Reed

Isaac Ariail Reed headshot
Isaac Ariail
Associate Professor of Sociology

Since my own first year of college (a long time ago!), I have always been drawn to the life of the mind. The purpose of that life, in my view, is to create a learning environment where students can become clear and careful thinkers, active and engaged citizens, and responsible and caring people. In the engagements, we have the opportunity to reconsider and reconstruct how we educate young people and prepare them to navigate the world outside of Grounds. My own research in historical sociology considers how humans have, in different times and places, enhanced their capacity to flourish by constructing complex and interconnected forms of social, technical and economic organization, democratic republics, and ethical traditions; yet simultaneously we have reproduced, and even introduced new forms of, disempowerment, domination and moral destruction. In the engagements, I draw on my research experience to teach students to think comparatively about society and history, and to venture outside their own experience so as to better understand the world and how to act ethically within it. I ask students to learn about the tremendous variation in how the interconnected societies of the globe are organized, connect the long arc of human history to the concerns and struggles of their own generation, and write with rigor, clarity, and courage in the pursuit of truth.

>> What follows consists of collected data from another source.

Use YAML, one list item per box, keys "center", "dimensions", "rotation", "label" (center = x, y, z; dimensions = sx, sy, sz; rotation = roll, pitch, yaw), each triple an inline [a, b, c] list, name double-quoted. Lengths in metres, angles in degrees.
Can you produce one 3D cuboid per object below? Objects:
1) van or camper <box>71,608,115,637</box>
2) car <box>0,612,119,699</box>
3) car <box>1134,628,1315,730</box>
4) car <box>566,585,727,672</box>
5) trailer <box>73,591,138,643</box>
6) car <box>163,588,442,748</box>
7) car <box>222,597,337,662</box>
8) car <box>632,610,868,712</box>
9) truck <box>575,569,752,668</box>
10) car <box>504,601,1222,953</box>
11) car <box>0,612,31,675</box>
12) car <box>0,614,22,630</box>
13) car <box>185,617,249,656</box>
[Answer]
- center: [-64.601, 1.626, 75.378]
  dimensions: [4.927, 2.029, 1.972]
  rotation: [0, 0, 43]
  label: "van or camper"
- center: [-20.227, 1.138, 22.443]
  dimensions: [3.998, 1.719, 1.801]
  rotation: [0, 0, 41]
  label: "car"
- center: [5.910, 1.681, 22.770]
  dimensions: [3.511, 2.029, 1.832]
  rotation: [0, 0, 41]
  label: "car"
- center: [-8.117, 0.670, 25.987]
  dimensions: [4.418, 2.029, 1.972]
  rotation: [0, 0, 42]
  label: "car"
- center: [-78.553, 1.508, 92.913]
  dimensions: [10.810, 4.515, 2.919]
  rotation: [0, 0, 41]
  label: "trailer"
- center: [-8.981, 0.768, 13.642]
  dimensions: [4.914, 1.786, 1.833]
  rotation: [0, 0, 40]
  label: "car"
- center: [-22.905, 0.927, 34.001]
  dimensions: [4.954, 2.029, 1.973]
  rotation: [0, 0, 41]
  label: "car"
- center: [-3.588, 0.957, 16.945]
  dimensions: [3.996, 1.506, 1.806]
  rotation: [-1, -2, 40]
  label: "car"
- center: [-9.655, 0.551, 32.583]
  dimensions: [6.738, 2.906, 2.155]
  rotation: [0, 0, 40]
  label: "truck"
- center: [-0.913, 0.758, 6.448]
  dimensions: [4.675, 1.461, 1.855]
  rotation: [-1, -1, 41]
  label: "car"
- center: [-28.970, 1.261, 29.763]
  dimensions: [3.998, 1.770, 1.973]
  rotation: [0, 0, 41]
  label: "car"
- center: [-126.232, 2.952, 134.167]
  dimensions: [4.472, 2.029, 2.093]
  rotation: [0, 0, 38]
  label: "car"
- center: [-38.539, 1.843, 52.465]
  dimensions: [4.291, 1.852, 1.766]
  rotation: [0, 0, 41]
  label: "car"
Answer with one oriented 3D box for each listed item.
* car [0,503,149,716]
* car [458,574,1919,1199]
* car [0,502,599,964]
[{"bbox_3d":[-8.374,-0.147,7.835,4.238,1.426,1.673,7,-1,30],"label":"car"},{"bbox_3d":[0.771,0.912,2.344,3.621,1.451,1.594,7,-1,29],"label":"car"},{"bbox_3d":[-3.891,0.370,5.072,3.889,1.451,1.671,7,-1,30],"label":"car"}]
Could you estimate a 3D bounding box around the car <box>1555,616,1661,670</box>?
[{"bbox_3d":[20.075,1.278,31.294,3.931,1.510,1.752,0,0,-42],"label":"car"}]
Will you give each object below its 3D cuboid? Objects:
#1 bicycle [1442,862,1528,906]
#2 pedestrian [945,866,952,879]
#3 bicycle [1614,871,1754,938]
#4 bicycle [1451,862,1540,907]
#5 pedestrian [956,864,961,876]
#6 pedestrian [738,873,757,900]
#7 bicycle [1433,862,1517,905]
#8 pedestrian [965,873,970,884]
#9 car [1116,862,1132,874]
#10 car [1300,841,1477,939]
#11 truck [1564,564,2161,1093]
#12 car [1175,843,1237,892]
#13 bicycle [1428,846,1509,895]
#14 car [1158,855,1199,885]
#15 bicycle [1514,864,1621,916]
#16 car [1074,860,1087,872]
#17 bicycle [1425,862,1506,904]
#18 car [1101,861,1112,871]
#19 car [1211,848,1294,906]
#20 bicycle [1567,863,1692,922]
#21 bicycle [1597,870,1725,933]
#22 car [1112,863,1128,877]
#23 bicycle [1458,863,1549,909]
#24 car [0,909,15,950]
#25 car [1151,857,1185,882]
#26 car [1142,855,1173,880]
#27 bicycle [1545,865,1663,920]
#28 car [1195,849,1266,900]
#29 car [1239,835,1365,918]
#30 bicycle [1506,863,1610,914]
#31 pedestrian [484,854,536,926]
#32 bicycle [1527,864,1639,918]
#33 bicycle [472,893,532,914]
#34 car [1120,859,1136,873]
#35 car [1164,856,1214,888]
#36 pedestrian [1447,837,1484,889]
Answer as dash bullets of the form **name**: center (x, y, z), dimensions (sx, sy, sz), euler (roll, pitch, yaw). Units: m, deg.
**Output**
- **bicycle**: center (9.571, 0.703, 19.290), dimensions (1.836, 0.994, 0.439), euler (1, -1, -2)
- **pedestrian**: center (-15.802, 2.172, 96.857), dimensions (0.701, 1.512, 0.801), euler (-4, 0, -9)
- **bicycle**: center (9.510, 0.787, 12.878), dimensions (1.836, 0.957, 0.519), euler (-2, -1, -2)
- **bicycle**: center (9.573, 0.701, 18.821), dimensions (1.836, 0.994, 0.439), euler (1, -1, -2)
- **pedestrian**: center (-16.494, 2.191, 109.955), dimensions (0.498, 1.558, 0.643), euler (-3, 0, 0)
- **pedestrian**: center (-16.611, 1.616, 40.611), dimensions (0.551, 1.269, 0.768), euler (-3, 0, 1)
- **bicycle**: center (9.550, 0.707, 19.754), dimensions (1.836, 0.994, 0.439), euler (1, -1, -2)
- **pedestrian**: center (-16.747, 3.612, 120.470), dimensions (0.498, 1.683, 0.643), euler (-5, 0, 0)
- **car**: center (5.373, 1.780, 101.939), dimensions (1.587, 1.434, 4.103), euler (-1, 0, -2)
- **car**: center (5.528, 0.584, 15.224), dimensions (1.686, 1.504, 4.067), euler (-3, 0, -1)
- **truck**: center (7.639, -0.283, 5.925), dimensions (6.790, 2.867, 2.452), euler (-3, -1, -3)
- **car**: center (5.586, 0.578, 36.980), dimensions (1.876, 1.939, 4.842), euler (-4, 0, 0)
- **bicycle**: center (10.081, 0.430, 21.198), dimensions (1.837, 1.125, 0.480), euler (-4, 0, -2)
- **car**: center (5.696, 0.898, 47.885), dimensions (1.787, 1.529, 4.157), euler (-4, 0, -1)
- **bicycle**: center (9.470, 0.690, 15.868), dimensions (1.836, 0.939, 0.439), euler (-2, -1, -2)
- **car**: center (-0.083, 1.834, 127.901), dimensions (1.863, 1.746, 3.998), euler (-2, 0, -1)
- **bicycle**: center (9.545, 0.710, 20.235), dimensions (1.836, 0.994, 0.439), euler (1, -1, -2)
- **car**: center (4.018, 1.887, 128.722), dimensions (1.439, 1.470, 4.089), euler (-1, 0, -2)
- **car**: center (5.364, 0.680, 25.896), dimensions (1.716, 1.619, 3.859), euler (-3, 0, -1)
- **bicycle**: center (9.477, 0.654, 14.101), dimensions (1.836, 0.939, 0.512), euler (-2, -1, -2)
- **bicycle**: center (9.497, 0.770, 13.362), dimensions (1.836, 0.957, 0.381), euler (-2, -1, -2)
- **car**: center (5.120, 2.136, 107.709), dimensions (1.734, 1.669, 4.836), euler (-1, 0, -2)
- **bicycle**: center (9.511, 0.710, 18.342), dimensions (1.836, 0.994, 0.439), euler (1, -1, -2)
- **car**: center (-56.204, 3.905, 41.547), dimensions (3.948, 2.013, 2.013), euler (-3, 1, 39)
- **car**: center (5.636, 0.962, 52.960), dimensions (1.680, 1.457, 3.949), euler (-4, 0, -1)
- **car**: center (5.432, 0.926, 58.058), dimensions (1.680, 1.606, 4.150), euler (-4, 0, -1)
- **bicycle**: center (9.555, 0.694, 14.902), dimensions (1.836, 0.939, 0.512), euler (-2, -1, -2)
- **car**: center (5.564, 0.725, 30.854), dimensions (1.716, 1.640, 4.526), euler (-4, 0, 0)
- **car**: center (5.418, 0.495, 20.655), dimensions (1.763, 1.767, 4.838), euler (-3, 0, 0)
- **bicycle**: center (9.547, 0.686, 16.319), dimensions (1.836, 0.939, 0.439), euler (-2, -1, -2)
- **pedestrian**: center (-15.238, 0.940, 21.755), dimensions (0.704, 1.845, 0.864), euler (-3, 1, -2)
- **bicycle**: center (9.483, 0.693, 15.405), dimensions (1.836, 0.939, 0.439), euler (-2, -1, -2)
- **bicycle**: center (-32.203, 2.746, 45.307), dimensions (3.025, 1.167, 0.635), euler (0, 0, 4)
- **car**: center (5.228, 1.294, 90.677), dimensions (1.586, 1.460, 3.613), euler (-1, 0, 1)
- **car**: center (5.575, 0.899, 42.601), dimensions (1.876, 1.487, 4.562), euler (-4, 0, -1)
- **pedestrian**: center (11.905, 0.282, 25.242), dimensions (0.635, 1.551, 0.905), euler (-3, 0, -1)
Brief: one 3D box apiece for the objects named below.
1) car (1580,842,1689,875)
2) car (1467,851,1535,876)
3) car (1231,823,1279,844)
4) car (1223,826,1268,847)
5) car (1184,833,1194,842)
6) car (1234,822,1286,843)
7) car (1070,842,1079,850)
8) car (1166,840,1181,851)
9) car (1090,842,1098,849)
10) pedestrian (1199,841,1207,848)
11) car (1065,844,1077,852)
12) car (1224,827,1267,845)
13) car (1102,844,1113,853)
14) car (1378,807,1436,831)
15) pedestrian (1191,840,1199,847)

The grandson of Jewish refugees, I was born and raised in Durham, North Carolina. I received my Ph.D. in Sociology from Yale University in 2007, after which I taught for nine years at the University of Colorado at Boulder. In 2016 I moved to Charlottesville with my wife Jennifer and daughter Hannah. My first book, Interpretation and Social Knowledge: On the use of theory in the human sciences, proposed a framework for bringing the humanities and social sciences closer together. My current book project examines authority and power in the history of the American republic.